Something magical happened?
Saya rasa tidak. Kita hanya sedang menyatu dengan alam tanpa banyak distraksi seperti lalu lalang kendaraan dan orang berteriak, dan kita bisa menikmati keberadaan kita saat itu.
BACA JUGA: Warmindo Sadjiwo Jadi Trendsetter Tempat Nongkrong Kekinian
Saking istimewanya tempat ini, teman saya berharap Sapta Wening keep in secret. Dia bahkan meminta saya agar nggak membawa orang lain ke sana. Bukan apa, dia hanya nggak mau Sapta Wening menjadi seperti tempat nongkrong lainnya yang sementara kemudian hilang begitu saja. Dia berharap, keasrian dan ketenangan tempat ini musti terjaga.
Terdengar agak masuk akal, menurut saya. Tapi saya nggak bisa mewujudkan keinginannya. Justru karena istimewa tadi, saya ingin berbagi rasa. Jika teman saya membaca tulisan ini, mungkin dia akan kesal. Tapi maaf kawan, kita perlu mendukung UMKM. Berbagilah sedikit tempat nyamanmu, siapa tau kamu bisa menemukan kebahagiaan lain di sana.

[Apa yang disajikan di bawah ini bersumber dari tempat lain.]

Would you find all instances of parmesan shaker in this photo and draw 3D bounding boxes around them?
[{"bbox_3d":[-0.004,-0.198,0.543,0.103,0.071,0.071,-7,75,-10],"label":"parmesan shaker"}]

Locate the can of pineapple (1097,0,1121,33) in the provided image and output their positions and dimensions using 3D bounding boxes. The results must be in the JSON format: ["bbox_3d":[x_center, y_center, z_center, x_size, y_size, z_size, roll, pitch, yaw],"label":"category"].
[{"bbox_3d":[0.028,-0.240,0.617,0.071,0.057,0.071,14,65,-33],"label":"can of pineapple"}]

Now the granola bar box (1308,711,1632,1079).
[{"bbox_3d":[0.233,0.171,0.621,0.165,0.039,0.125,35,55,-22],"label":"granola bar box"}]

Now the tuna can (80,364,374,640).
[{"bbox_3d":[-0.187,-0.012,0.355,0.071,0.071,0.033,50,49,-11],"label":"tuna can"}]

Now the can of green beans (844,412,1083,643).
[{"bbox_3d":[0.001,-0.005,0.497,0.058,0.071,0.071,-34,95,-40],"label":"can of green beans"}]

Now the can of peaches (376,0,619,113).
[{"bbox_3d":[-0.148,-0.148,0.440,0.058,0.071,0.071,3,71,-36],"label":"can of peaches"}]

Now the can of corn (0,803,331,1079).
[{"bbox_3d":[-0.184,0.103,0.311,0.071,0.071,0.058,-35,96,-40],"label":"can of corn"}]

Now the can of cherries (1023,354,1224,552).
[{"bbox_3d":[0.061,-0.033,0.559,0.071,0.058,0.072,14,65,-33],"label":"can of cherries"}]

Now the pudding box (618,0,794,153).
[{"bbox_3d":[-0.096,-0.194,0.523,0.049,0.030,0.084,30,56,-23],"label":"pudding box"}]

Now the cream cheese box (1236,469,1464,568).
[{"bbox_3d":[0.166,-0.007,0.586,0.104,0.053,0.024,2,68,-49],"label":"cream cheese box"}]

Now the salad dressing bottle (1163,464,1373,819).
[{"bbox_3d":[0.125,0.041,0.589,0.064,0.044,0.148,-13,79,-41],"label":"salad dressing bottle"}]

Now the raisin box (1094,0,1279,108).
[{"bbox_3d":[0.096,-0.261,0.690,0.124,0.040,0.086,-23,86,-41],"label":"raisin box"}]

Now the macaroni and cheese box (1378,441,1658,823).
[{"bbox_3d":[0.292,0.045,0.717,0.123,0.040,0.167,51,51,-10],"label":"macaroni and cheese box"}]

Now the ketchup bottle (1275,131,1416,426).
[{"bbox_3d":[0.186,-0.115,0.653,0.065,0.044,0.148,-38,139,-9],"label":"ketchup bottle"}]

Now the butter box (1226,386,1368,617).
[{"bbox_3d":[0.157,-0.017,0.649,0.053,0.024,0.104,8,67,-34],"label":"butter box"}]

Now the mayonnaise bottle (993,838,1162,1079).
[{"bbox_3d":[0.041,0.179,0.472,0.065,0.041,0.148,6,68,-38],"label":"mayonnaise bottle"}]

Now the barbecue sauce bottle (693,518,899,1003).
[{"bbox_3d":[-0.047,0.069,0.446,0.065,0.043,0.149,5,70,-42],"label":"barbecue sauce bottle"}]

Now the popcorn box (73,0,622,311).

Sebagai penutup, (setahu saya) ada dua kucing yang sering berada di sana. Sebut saja si telon dan putih merah bata. Mereka bersih dan menggemaskan, gampang akrab juga nggak sungkan mendekat. Ya saya hanya kasih tau saja, siapa tau kamu butuh teman saat ke sana sendirian.